(Dataset records)
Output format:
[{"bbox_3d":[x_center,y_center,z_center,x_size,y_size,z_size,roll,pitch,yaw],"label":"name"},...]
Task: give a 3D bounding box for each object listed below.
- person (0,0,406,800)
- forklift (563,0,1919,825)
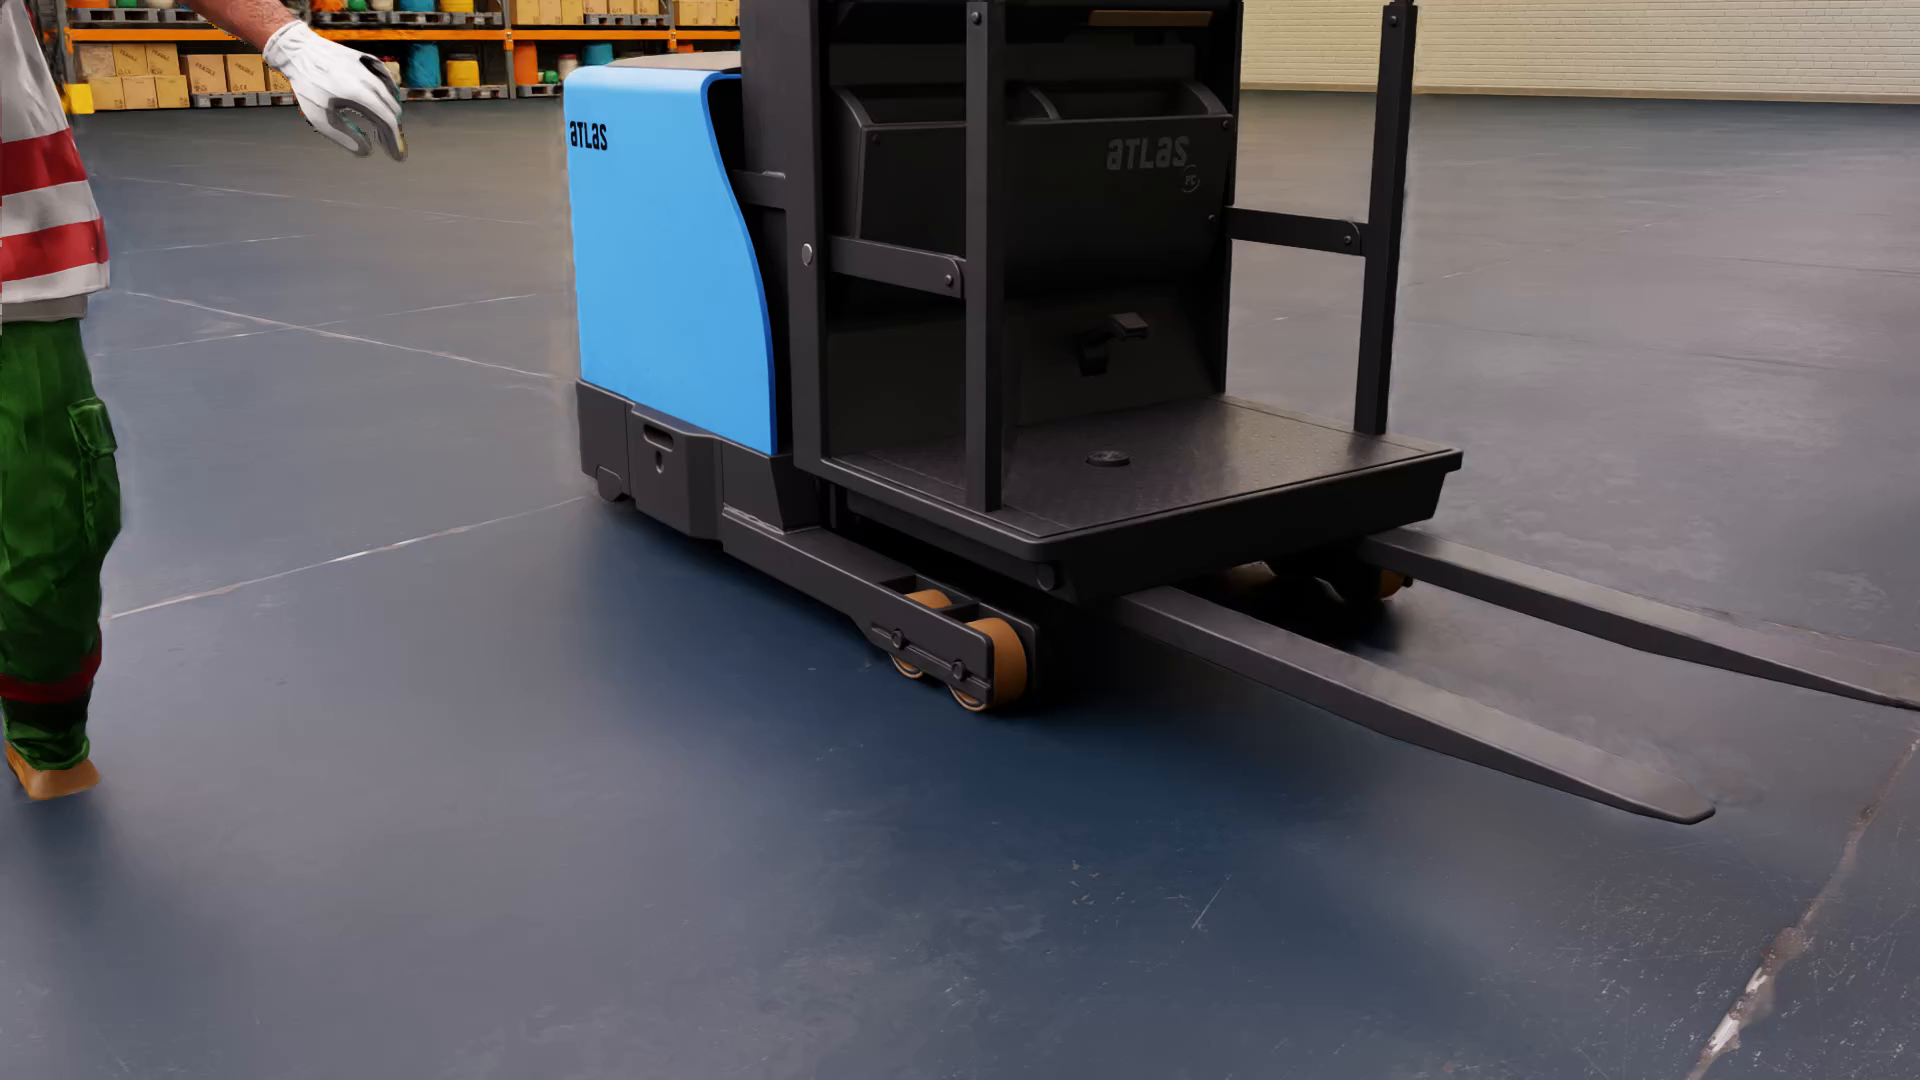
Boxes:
[{"bbox_3d":[-1.336,-0.296,2.259,1.212,1.690,0.621,1,17,2],"label":"person"},{"bbox_3d":[0.288,-1.258,3.040,1.130,2.935,3.031,-12,20,-34],"label":"forklift"}]
(End Dataset records)
Requirement
After removing the pictures, repeat the remaining records exactly.

Output of the task
Output format:
[{"bbox_3d":[x_center,y_center,z_center,x_size,y_size,z_size,roll,pitch,yaw],"label":"name"},...]
Task: give a 3D bounding box for each object listed below.
- person (0,0,406,800)
- forklift (563,0,1919,825)
Boxes:
[{"bbox_3d":[-1.336,-0.296,2.259,1.212,1.690,0.621,1,17,2],"label":"person"},{"bbox_3d":[0.288,-1.258,3.040,1.130,2.935,3.031,-12,20,-34],"label":"forklift"}]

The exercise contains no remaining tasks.